An influence of structural changes in ammonium cations on ecotoxicity of 2,2'-thiodiacetate mono and bis-salts

2,2'-Thiodiacetates with their excellent complexing properties may be used as metal extraction agents, fluorescent and superparamagnetic materials, antibacterial and anticancer medical agents, however there are no data concerning the environmental impact of 2,2'-thiodiacetates derivatives and data definying the potential hazard connected with their use. This study describes the ecotoxicity assessment of seven 2,2'-thiodiacetates with non-metallic, alkyl and aryl ammonium cations, which were obtained in an environmentally friendly, solvent-free syntheses. The ecotoxicity of these water soluble compounds was tested in aquatic and benthic environments using luminescent marine bacteria Vibrio fischeri (Microtox^® test) and the crustaceans Heterocypris incongruens (Ostracodtoxkit F™), respectively. The antimicrobial and antifungal activity against Trichoderma viridis, Aspergillus niger, Rhizoctonia solani and Escherichia coli was also investigated. The results showed how structural changes within ammonium cations themselves influence ecotoxicity: the QASs with alkylammonium cations exhibited a similar, rather low toxicity both to Vibrio fischeri and Heterocypris incongruens, and they would not pose a risk to these organisms in case of leakage. Higher toxicity was observed in case of two isoquinolinium salts, however it was rather associated with the heteroaromatic cation, than with the 2,2'-thiodiacetate anion.

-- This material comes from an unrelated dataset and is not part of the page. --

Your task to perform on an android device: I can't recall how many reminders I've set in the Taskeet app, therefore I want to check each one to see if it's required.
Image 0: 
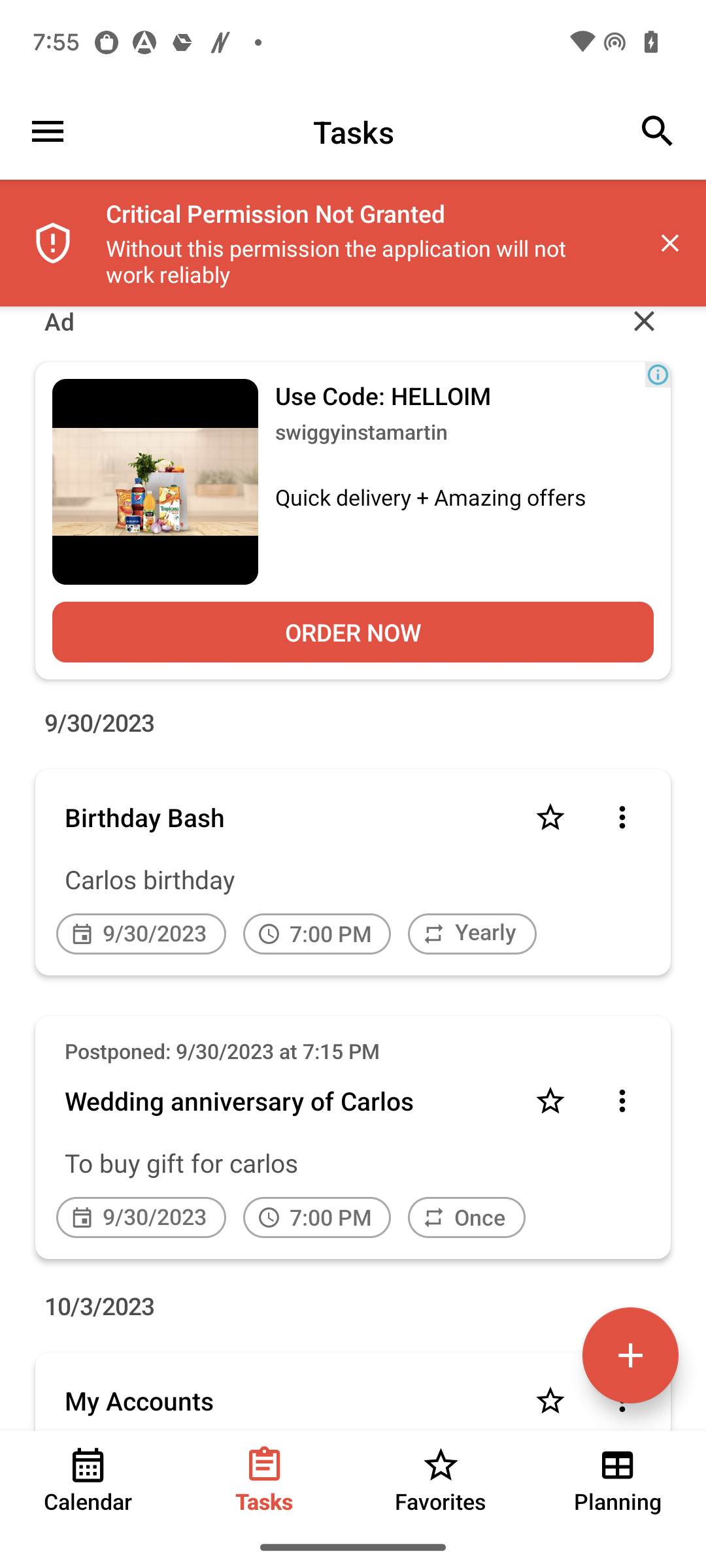
Swipe up to view all reminders
Step 0: scroll down

[Gd(CyPic3A)(H2O)2]-: a stable, bis(aquated) and high-relaxivity Gd(III) complex

We report the synthesis and MR relevant properties of CyPic3A, a heptadentate chelator that forms ternary Gd(III) complexes of hydration state q = 2. [Gd(CyPic3A)(H2O)2](-) affords an r1 value of 5.70 mM(-1) s(-1) at 1.41 T and 310 K and displays thermodynamic stability and kinetic inertness comparable to FDA approved MR imaging probes.